Григорий и Акулина вышли из ворот и вскоре очутились в барской передней.

– Поздравляю вас! – сказал Иван Гаврилович, подходя к молодым вместе с женою. – Поздравляю! Смотрите же, живите ладно, согласно, не ссорьтесь.

– Mon Dieu, qu’elle a е’air malheureuse!..[13] – сказала барыня.

– Comment! Vous ne saviez pas que chez eux la jeune maríue doit pleurer pendant une semaine? Mais c’est de rigueur…[14]

– Вот, возьмите, – продолжал он, подавая Григорию беленькую бумажку, – это вам жалует барыня… Мирно у меня жить, дружно… Ты во всем слушайся мужа своего… работай… Ну – бог с вами, ступайте.

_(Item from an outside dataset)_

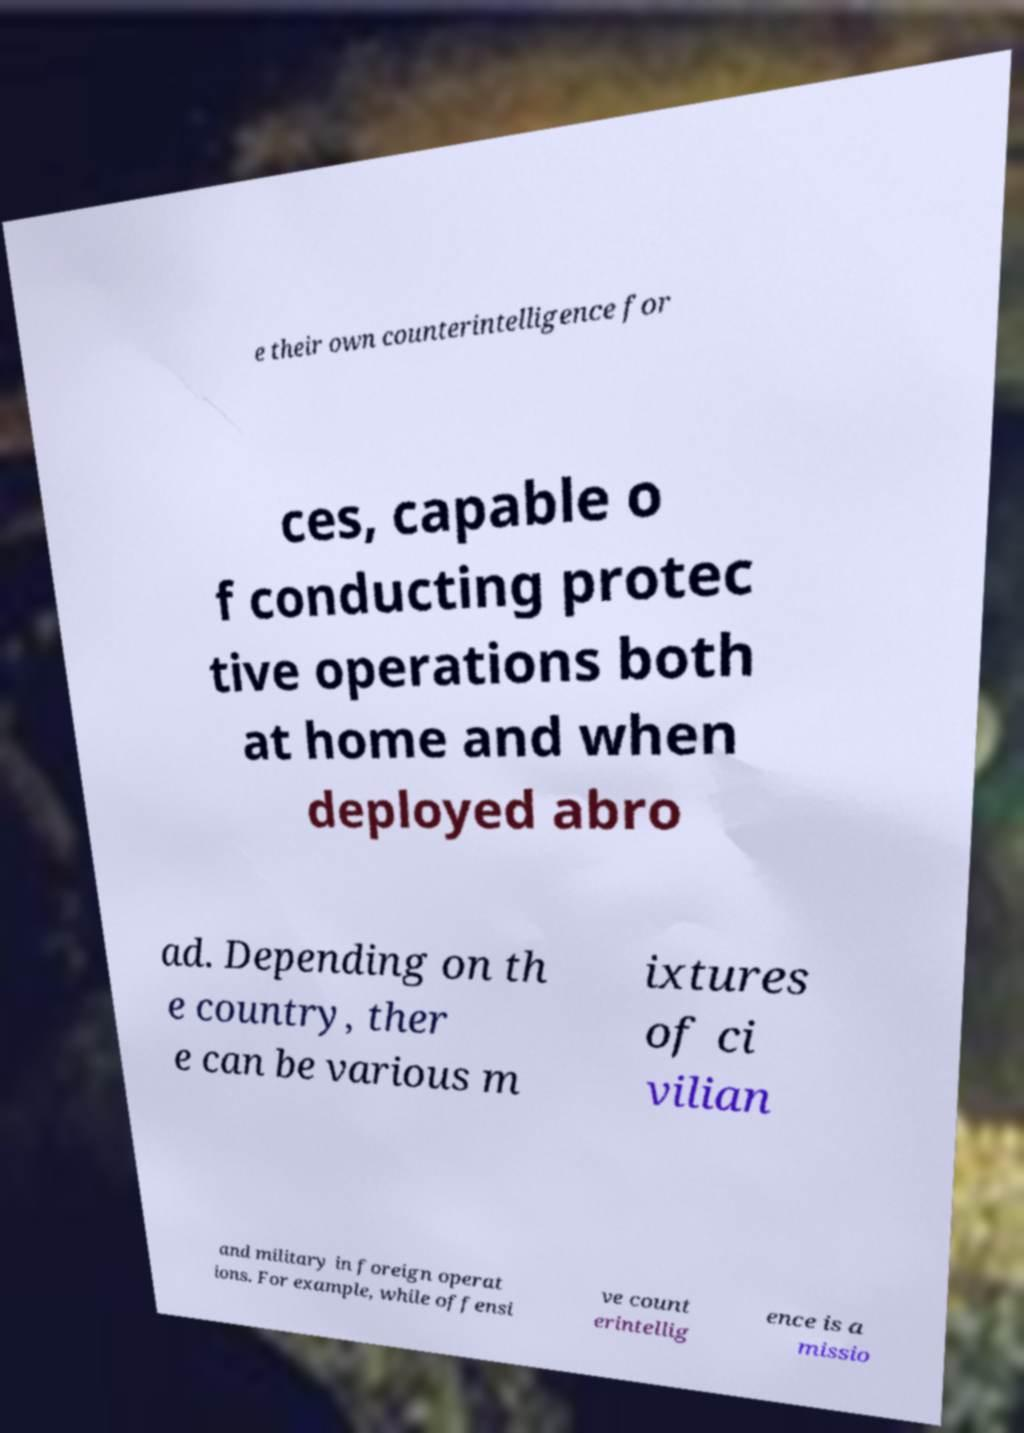What messages or text are displayed in this image? I need them in a readable, typed format. e their own counterintelligence for ces, capable o f conducting protec tive operations both at home and when deployed abro ad. Depending on th e country, ther e can be various m ixtures of ci vilian and military in foreign operat ions. For example, while offensi ve count erintellig ence is a missio

Дорогою молодые повстречались с Никанором Никаноровичем.

– Зачем барин-то звал?

– Да вот пожаловал, вишь, денег…

– Покажи… Ах ты, черт этакий!.. Вашему, знать, брату мужику только и счастие… Нам небось никогда не перепадает… Э! Поди тут разбери: иной и службой не выслужит, а то другой шуткой вышутит… А что, брат Григорий, ведь угостить надо, ей-богу, надо… Погоди, мы придем спрыснуть.

– Приходите.

– Сегодня и придем… а?..

– Ну, хоть сегодня… а что?

– Да завтра, чем свет, мы уезжаем в Питер с барином; так тут не до того… Смотри же, жди нас…

– Добро…

Утро и полдень протекли тихо и смирно в избе Григория, и если б не визит Никанора Никаноровича и еще двух лакеев, которые подняли ввечеру изрядную суматоху, можно было бы сказать, что водворившаяся так внезапно тишина не прерывалась ни разу и в остальную часть дня.

13Боже мой, какой несчастной она выглядит!.. (франц.)
14Как! Вы не знаете, что у них молодая новобрачная должна плакать в течение недели? Но это обязательно… (франц.)